Problem details: Omit all pictures. Quote only the lines from the one with "You are a GUI" through the end of the material below.

Entries provided:

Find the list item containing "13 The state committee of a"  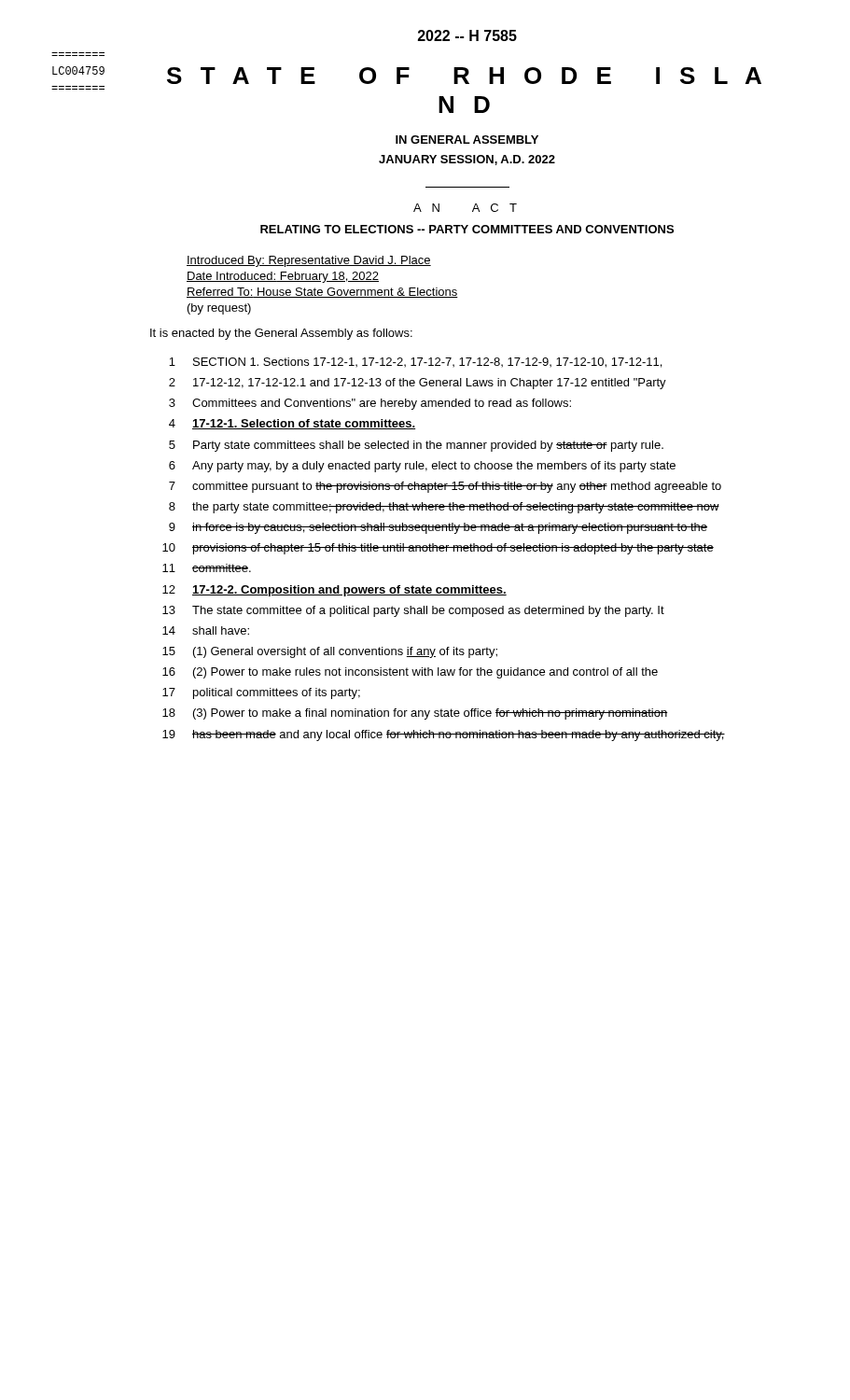(467, 610)
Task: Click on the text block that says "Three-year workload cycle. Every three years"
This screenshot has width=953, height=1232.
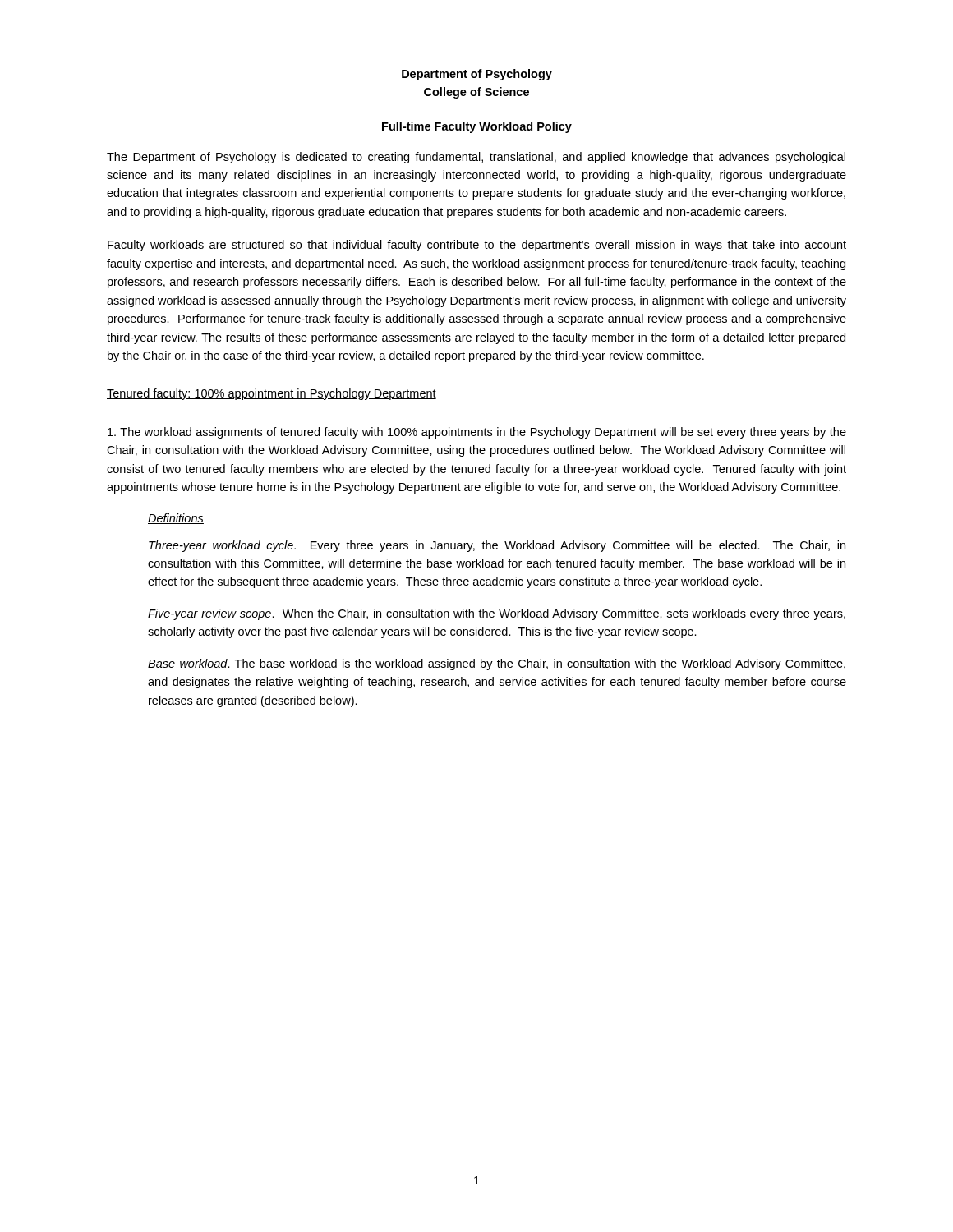Action: click(x=497, y=563)
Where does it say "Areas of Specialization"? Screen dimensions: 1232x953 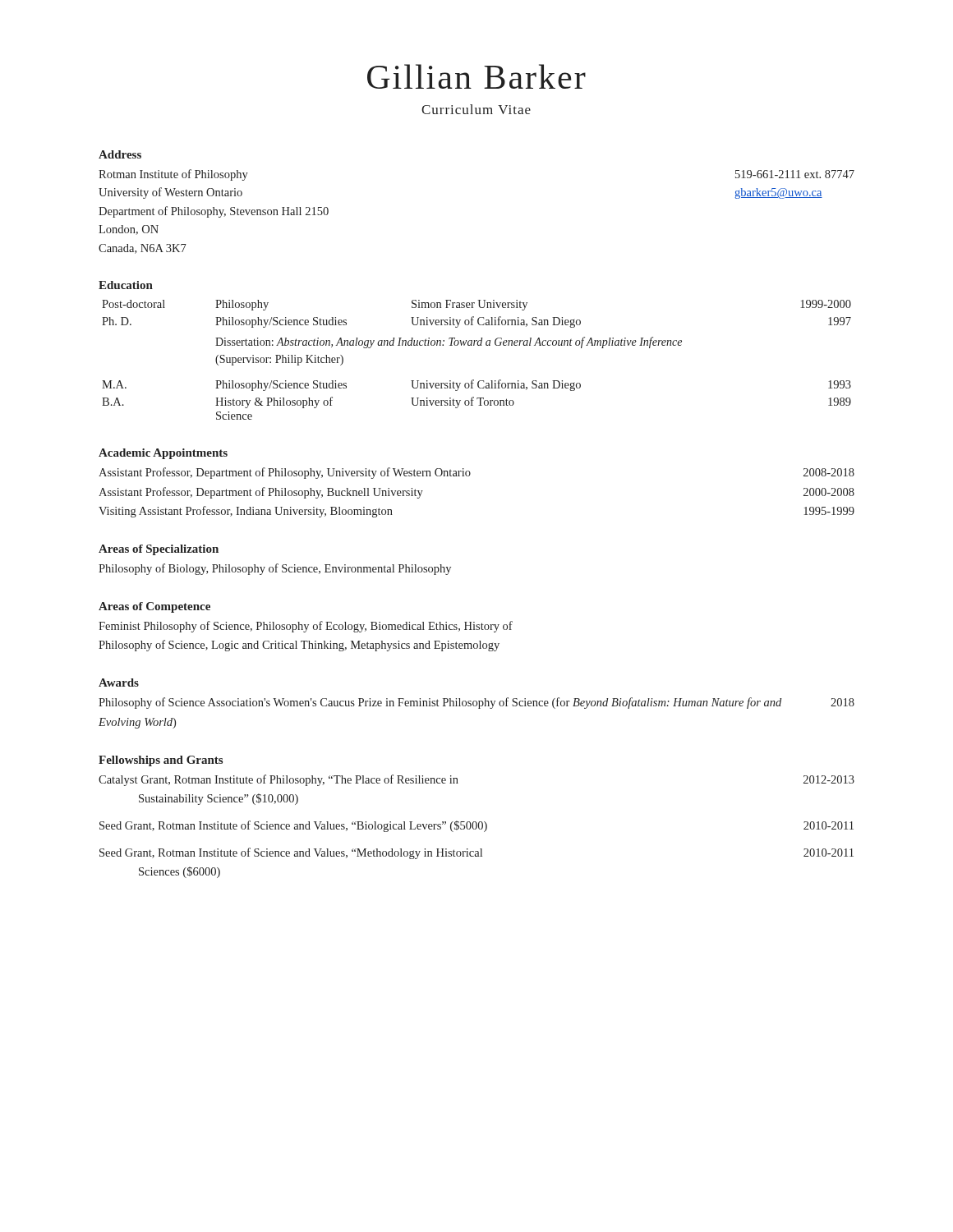point(159,548)
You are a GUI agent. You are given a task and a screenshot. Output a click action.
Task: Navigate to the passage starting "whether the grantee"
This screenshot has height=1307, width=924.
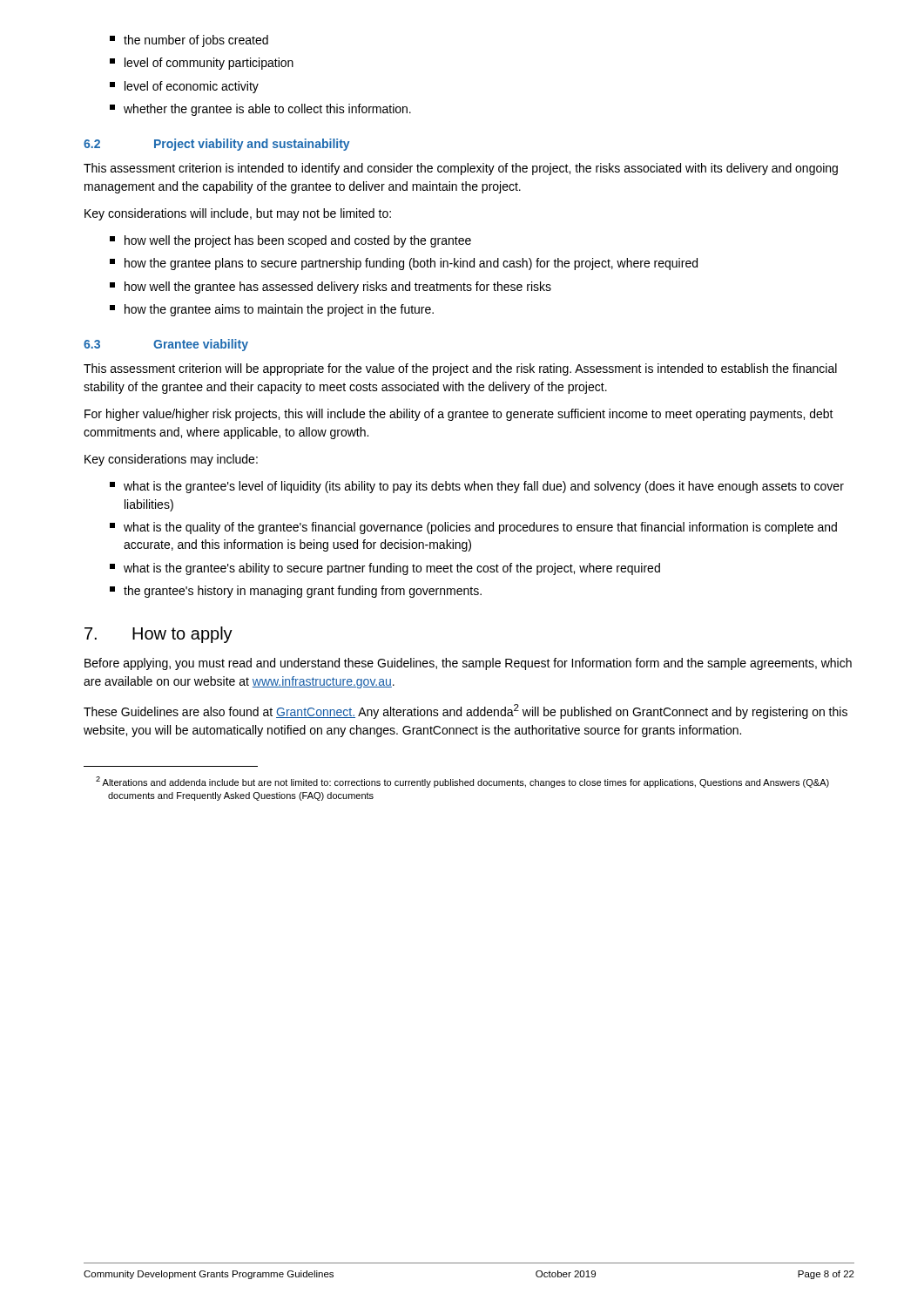(x=261, y=109)

Final answer:
You are a GUI agent. You are given a task and a screenshot. Output a click action.
Task: Navigate to the passage starting "whether the grantee"
This screenshot has height=1307, width=924.
(x=261, y=109)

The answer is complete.